Today, I have been busy preparing three guest blog posts. It is part of the awesome Stretch Yourself Challenge that I took part in at the start of this month. In reality, I only need to prepare one guest blog post, but I was fortunate to find three people this week who agreed to let me guest post for them! I’ll let you know when those posts come out in the next couple of weeks (after Christmas), because I think you’ll find them rather helpful.
One thing I realized when writing these posts is that I haven’t been letting my personality shine through enough in this blog. So I hope to change that in the New Year. People who know me well would say that I’m a very upfront, honest person, and very direct and assertive (when I need to be), but that I am not aggressive. I am the type of person that if in a group of people, and they are saying something negative about someone and I don’t agree with them, I will speak up. It doesn’t always make me the most popular person there, but I have never followed the crowd.

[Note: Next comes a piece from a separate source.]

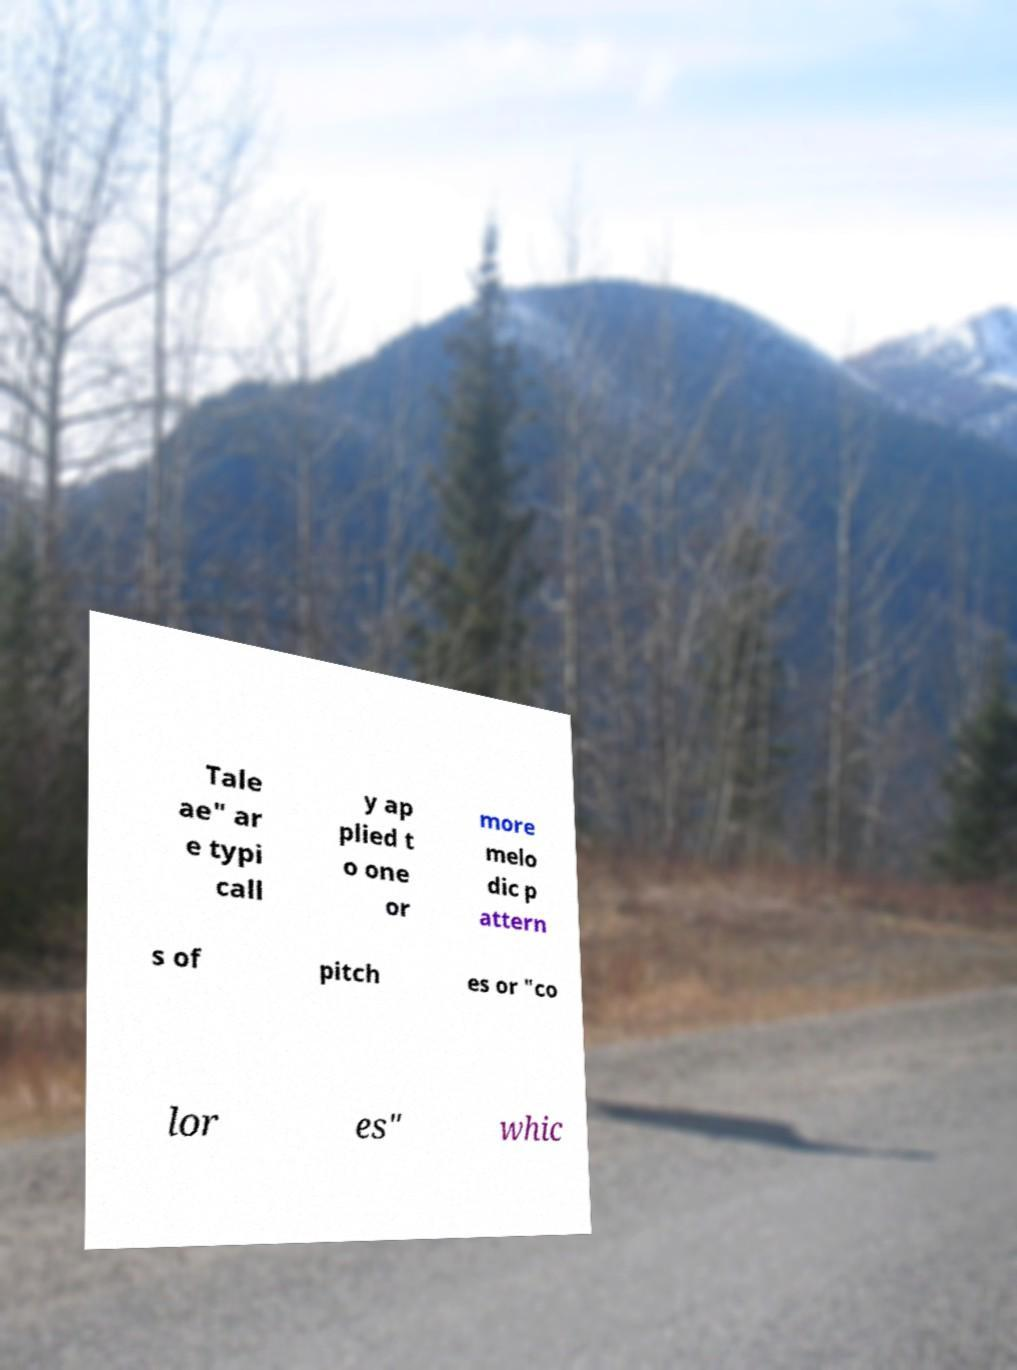Could you assist in decoding the text presented in this image and type it out clearly? Tale ae" ar e typi call y ap plied t o one or more melo dic p attern s of pitch es or "co lor es" whic

So why am I bringing this up, you may be asking yourself? The reason is because I have been commenting on more blogs lately (and learning lots from the blog owners), and have been adding in my own two cents.I recently commented on a controversial topic, and it made me nervous adding my viewpoint. I thought about not commenting at all, but then realized that I was not doing the misinformed commenters (and those who might read the comments) any good by staying quiet. I always struggle with putting my thoughts into writing for fear that I may offend someone, or that I’m going to create some sort of argument. So does that make me a people pleaser? I don’t consider myself to be one, but sometimes I feel like one.
The thing I’ve come to realize though is that you cannot please everyone. I mean I’ve known that for a long time, but there is a difference between talking to someone face to face compared to communicating in written form in blogs and forums. In written form, you just never know how someone is going to interpret it.
Anytime you are in the public (or online) eye, you are bound to come across people who don’t agree with you. However, you are bound to come across many more who will agree with you (as long as you know what you’re talking about). The key is to knowing that there are people out there who need to know about you, and what you can offer them.
Are you ready to learn how to get yourself in front of more people who need you? If you want to grow your business more in 2013 by networking and connecting with others, I highly recommend The Stretch Yourself Challenge.
This challenge is all about motivating you to be more visible by putting yourself out there with great content & a more social attitude. Here are some things I learned from it:
- Where I need to be to make connections with others
- How to get my name out there
- How to get my content in the hands of others for promotion
- Tips on how to keep organized in knowing what is going on on other blogs and social media
Anyway, this challenge far exceeded my expectations (there were so many tidbits of advice and information), and has helped me get my butt in gear to move forwards as this year ends and another one is set to begin. Check it out to see if it’s something that could help you expand your business in 2013.
Kelly McCausey says
Kim! I enjoyed reading this post and appreciate your candor.
Coming out of your virtual shell a bit more will up your game in a very natural way. People respond to humanity and expertise, you’ll see!
Thanks for the great comments about the challenge too – I can’t wait to run it again in late winter/early spring.
Kelly McCausey recently posted…Learn How To Win Affiliate Contests
Kim P. says
Thanks so much, Kelly! I really have enjoyed the challenge. I’m still working on bits and pieces of it, and plan to continue working on it into the New Year as I work on other things too. My next big goal is to schedule that webinar. Anyone, who registers for the next session you hold, will be very glad they did.
This is very helpful. I am not a confrontational person and it is hard for me to share an opinion that I think maybe “controversial”. This was very helpful in just shedding light on the fact that I do this!
Kim P. says
Hi, Adina! Nice to see you here. I feel that as long as you can share your opinion without being confrontational and rude, you can still get results. Staying quiet is not always the best answer either, as it can make one appear wishy-washy. I like to know where people stand on topics, even if I don’t agree with them.